Records contained in a dataset
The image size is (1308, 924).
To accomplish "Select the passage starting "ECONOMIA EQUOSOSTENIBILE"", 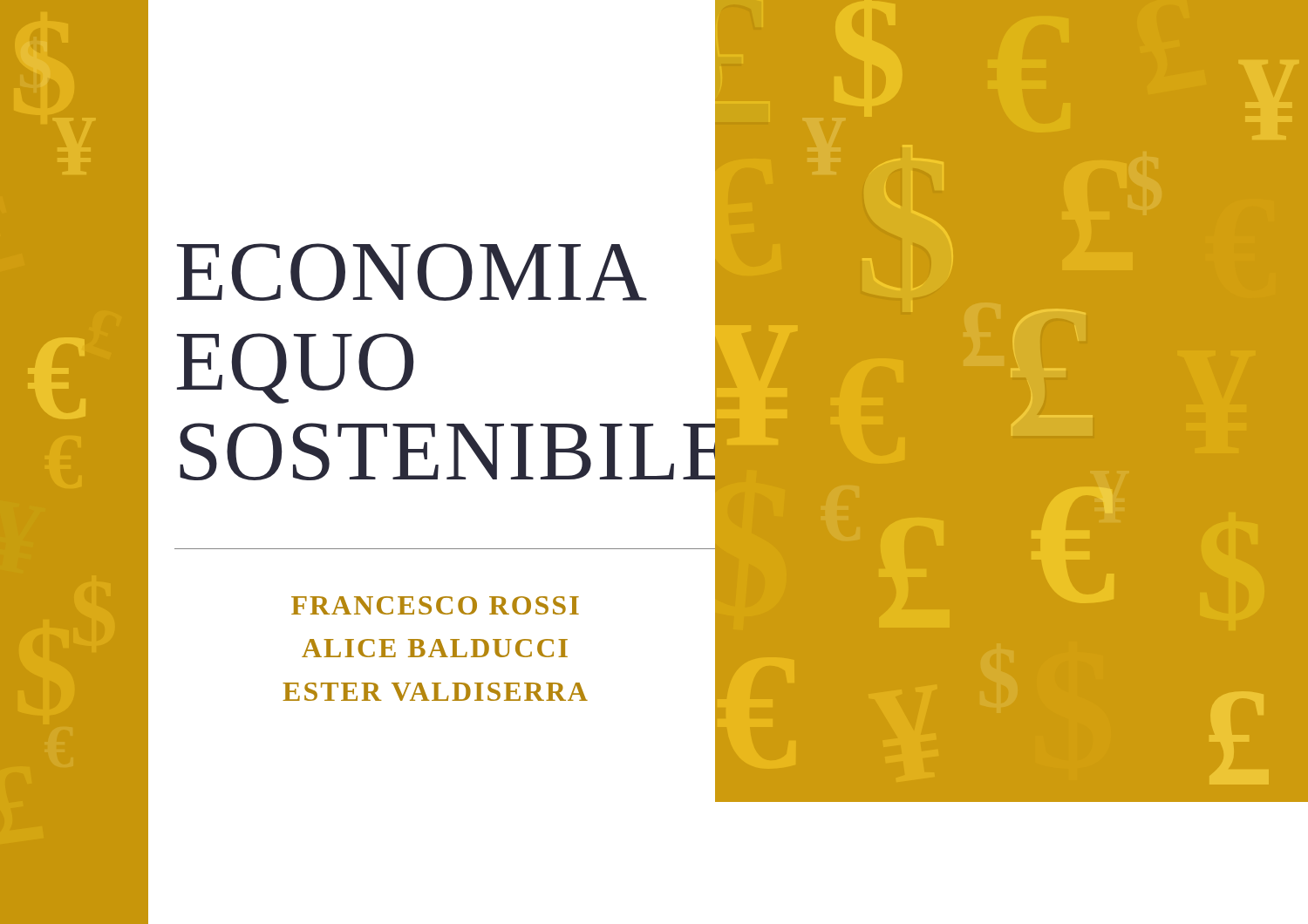I will click(510, 362).
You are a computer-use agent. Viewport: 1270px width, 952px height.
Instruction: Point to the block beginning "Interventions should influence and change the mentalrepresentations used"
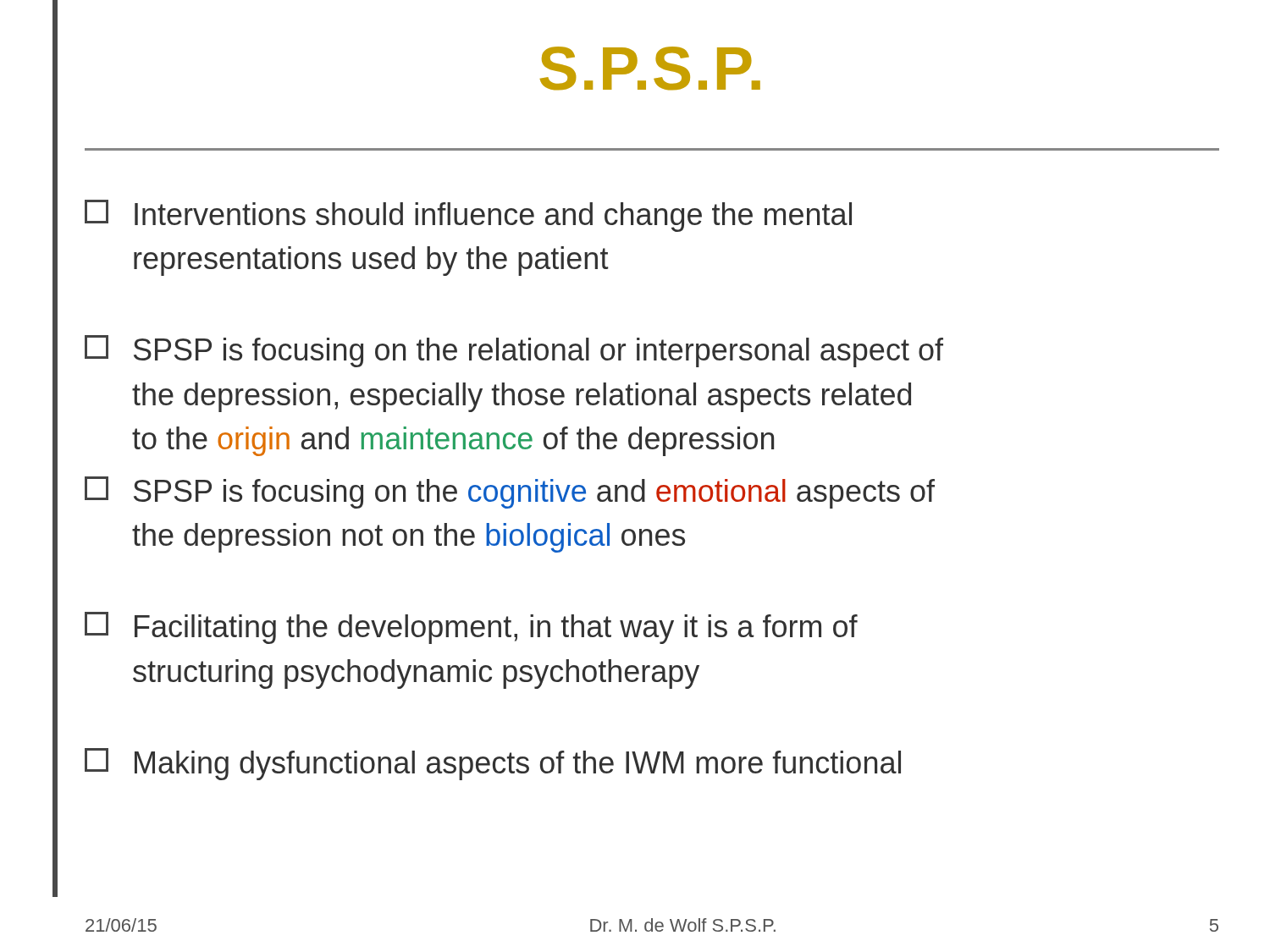click(x=469, y=237)
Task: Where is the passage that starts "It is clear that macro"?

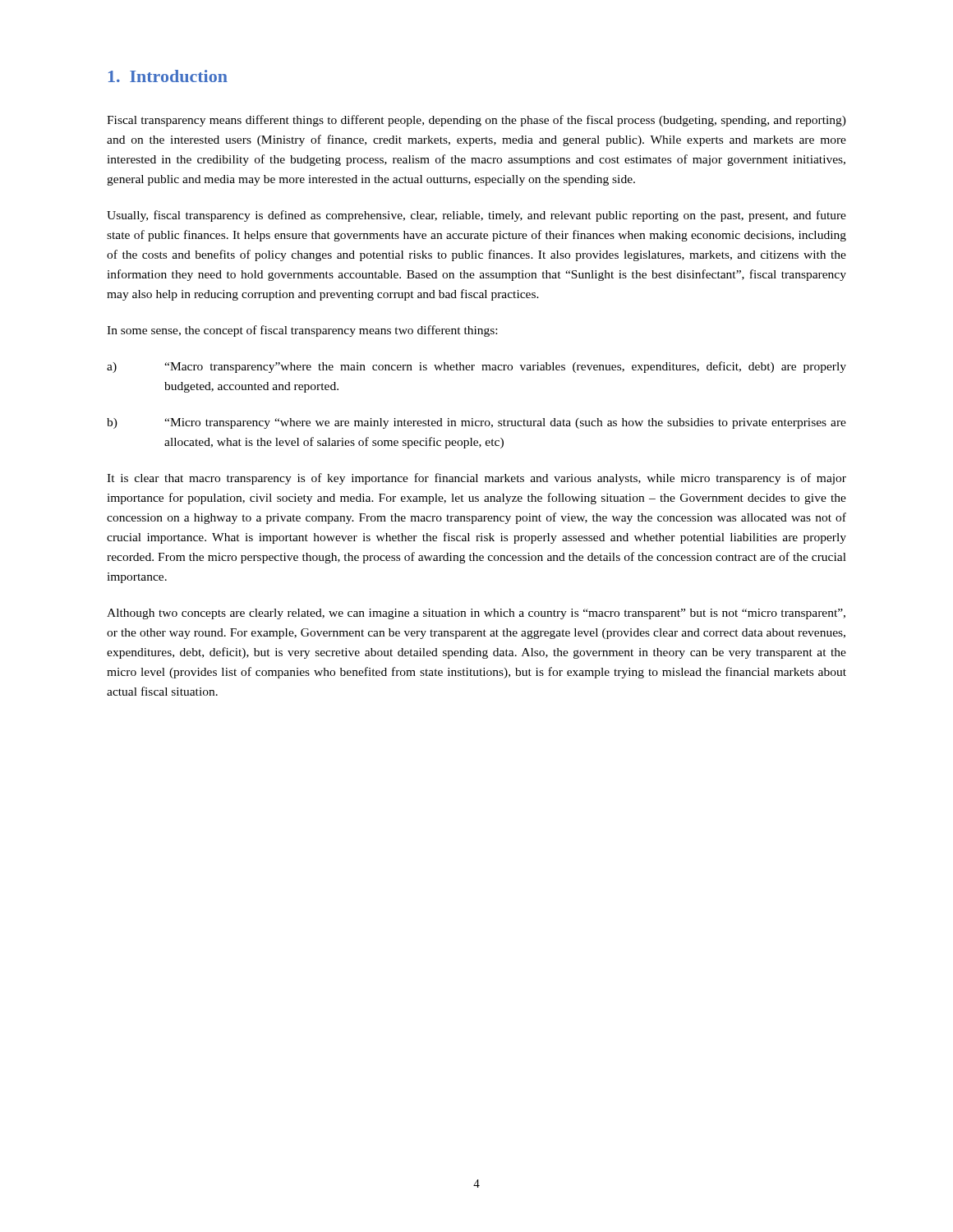Action: (476, 527)
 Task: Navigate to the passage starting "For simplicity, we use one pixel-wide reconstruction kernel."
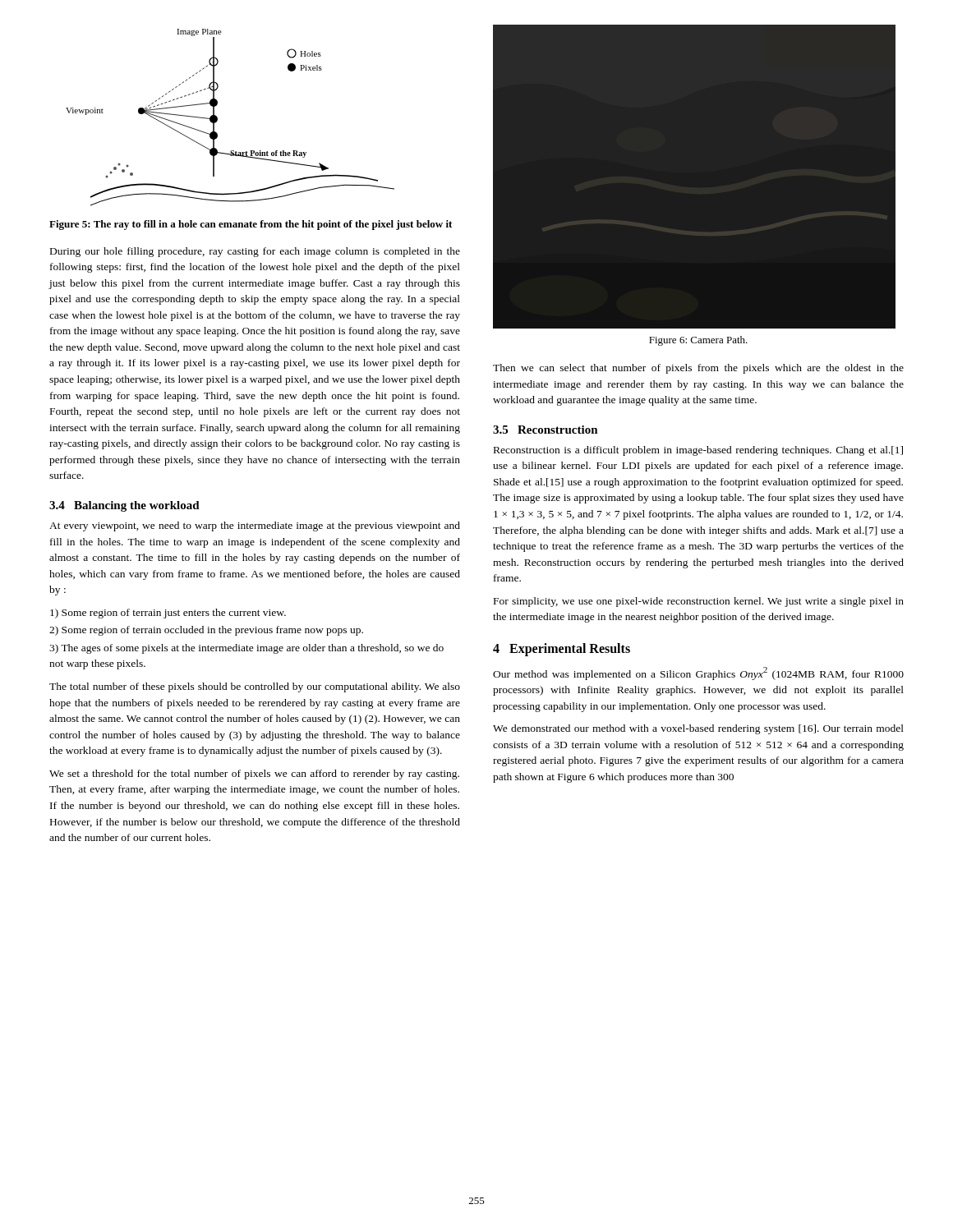coord(698,609)

What is needed: Reproduce verbatim, and only, the lines starting at the one that contains "You are a computer-use" and ending with the final line of the records; leave out the pictures.

Written answer:
You are a computer-use agent. Viewport: 1270px width, 952px height.
Instruction: Point to the block beginning "Interventions should influence and change the mentalrepresentations used"
click(x=469, y=237)
Task: Where is the passage that starts "It is clear that macro"?

Action: (476, 527)
 Task: Navigate to the passage starting "For simplicity, we use one pixel-wide reconstruction kernel."
coord(698,609)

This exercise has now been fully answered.